╭─ RAW DATA
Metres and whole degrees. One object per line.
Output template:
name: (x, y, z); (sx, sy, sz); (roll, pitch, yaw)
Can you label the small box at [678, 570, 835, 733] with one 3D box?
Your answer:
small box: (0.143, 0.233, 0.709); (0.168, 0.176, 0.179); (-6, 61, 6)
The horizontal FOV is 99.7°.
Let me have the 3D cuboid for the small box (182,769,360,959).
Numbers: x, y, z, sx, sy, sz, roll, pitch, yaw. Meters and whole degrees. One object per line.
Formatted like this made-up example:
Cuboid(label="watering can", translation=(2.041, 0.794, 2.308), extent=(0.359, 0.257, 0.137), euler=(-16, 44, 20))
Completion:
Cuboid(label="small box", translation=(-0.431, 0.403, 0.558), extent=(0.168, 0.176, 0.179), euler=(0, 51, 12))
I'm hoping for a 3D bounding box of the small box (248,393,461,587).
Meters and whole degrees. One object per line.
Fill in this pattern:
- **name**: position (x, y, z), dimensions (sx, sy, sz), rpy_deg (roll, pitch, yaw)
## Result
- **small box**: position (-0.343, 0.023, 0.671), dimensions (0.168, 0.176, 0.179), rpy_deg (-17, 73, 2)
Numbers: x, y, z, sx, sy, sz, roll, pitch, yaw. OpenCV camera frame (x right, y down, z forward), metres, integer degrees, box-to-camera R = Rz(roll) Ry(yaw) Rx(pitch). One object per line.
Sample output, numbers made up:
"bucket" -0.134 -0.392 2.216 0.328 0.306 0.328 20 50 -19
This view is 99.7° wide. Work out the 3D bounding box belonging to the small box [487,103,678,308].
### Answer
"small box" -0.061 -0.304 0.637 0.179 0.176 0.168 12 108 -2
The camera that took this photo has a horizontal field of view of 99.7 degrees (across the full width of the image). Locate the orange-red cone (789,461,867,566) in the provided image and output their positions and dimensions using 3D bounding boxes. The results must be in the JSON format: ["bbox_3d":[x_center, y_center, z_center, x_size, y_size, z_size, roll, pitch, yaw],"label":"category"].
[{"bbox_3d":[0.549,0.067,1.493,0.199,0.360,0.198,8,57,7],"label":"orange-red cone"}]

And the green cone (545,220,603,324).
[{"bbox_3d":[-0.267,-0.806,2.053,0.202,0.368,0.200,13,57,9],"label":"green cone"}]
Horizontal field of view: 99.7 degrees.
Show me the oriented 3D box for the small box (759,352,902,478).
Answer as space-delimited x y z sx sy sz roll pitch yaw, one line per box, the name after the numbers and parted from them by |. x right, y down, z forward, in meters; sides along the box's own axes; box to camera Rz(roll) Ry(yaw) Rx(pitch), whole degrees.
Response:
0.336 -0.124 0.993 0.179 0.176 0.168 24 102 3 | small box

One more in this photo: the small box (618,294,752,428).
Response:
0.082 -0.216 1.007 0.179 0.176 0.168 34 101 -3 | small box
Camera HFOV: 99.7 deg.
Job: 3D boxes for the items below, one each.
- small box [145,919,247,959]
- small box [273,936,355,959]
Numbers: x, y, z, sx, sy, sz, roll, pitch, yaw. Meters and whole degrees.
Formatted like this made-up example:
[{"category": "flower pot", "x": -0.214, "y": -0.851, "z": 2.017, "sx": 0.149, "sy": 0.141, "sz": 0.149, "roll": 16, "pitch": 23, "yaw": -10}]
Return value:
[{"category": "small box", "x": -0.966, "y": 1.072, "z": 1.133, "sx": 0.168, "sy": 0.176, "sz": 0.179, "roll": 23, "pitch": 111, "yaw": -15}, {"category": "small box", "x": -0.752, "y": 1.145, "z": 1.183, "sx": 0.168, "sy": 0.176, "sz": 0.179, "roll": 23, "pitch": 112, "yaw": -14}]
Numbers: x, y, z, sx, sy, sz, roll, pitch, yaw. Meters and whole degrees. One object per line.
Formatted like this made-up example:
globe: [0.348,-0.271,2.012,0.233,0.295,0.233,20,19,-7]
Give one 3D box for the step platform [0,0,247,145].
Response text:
╰─
THE TASK » Copy out all of the lines above exactly.

WRITTEN ANSWER »
Metres and whole degrees. One object per line.
Output template:
name: (x, y, z); (sx, sy, sz); (roll, pitch, yaw)
Can you label the small box at [678, 570, 835, 733] with one 3D box?
Your answer:
small box: (0.143, 0.233, 0.709); (0.168, 0.176, 0.179); (-6, 61, 6)
The horizontal FOV is 99.7°.
Let me have the 3D cuboid for the small box (182,769,360,959).
Numbers: x, y, z, sx, sy, sz, roll, pitch, yaw. Meters and whole degrees. One object per line.
Formatted like this made-up example:
Cuboid(label="watering can", translation=(2.041, 0.794, 2.308), extent=(0.359, 0.257, 0.137), euler=(-16, 44, 20))
Completion:
Cuboid(label="small box", translation=(-0.431, 0.403, 0.558), extent=(0.168, 0.176, 0.179), euler=(0, 51, 12))
I'm hoping for a 3D bounding box of the small box (248,393,461,587).
Meters and whole degrees. One object per line.
Fill in this pattern:
- **name**: position (x, y, z), dimensions (sx, sy, sz), rpy_deg (roll, pitch, yaw)
## Result
- **small box**: position (-0.343, 0.023, 0.671), dimensions (0.168, 0.176, 0.179), rpy_deg (-17, 73, 2)
Numbers: x, y, z, sx, sy, sz, roll, pitch, yaw. OpenCV camera frame (x right, y down, z forward), metres, integer degrees, box-to-camera R = Rz(roll) Ry(yaw) Rx(pitch). One object per line.
Sample output, numbers made up:
"bucket" -0.134 -0.392 2.216 0.328 0.306 0.328 20 50 -19
This view is 99.7° wide. Work out the 3D bounding box belonging to the small box [487,103,678,308].
### Answer
"small box" -0.061 -0.304 0.637 0.179 0.176 0.168 12 108 -2
The camera that took this photo has a horizontal field of view of 99.7 degrees (across the full width of the image). Locate the orange-red cone (789,461,867,566) in the provided image and output their positions and dimensions using 3D bounding boxes. The results must be in the JSON format: ["bbox_3d":[x_center, y_center, z_center, x_size, y_size, z_size, roll, pitch, yaw],"label":"category"].
[{"bbox_3d":[0.549,0.067,1.493,0.199,0.360,0.198,8,57,7],"label":"orange-red cone"}]

And the green cone (545,220,603,324).
[{"bbox_3d":[-0.267,-0.806,2.053,0.202,0.368,0.200,13,57,9],"label":"green cone"}]
Horizontal field of view: 99.7 degrees.
Show me the oriented 3D box for the small box (759,352,902,478).
Answer as space-delimited x y z sx sy sz roll pitch yaw, one line per box, the name after the numbers and parted from them by |. x right, y down, z forward, in meters; sides along the box's own axes; box to camera Rz(roll) Ry(yaw) Rx(pitch), whole degrees.
Response:
0.336 -0.124 0.993 0.179 0.176 0.168 24 102 3 | small box

One more in this photo: the small box (618,294,752,428).
Response:
0.082 -0.216 1.007 0.179 0.176 0.168 34 101 -3 | small box
Camera HFOV: 99.7 deg.
Job: 3D boxes for the items below, one each.
- small box [145,919,247,959]
- small box [273,936,355,959]
Numbers: x, y, z, sx, sy, sz, roll, pitch, yaw. Meters and whole degrees.
Formatted like this made-up example:
[{"category": "flower pot", "x": -0.214, "y": -0.851, "z": 2.017, "sx": 0.149, "sy": 0.141, "sz": 0.149, "roll": 16, "pitch": 23, "yaw": -10}]
Return value:
[{"category": "small box", "x": -0.966, "y": 1.072, "z": 1.133, "sx": 0.168, "sy": 0.176, "sz": 0.179, "roll": 23, "pitch": 111, "yaw": -15}, {"category": "small box", "x": -0.752, "y": 1.145, "z": 1.183, "sx": 0.168, "sy": 0.176, "sz": 0.179, "roll": 23, "pitch": 112, "yaw": -14}]
Numbers: x, y, z, sx, sy, sz, roll, pitch, yaw. Meters and whole degrees. One object per line.
Formatted like this made-up example:
globe: [0.348,-0.271,2.012,0.233,0.295,0.233,20,19,-7]
Give one 3D box for the step platform [0,0,247,145].
Response text:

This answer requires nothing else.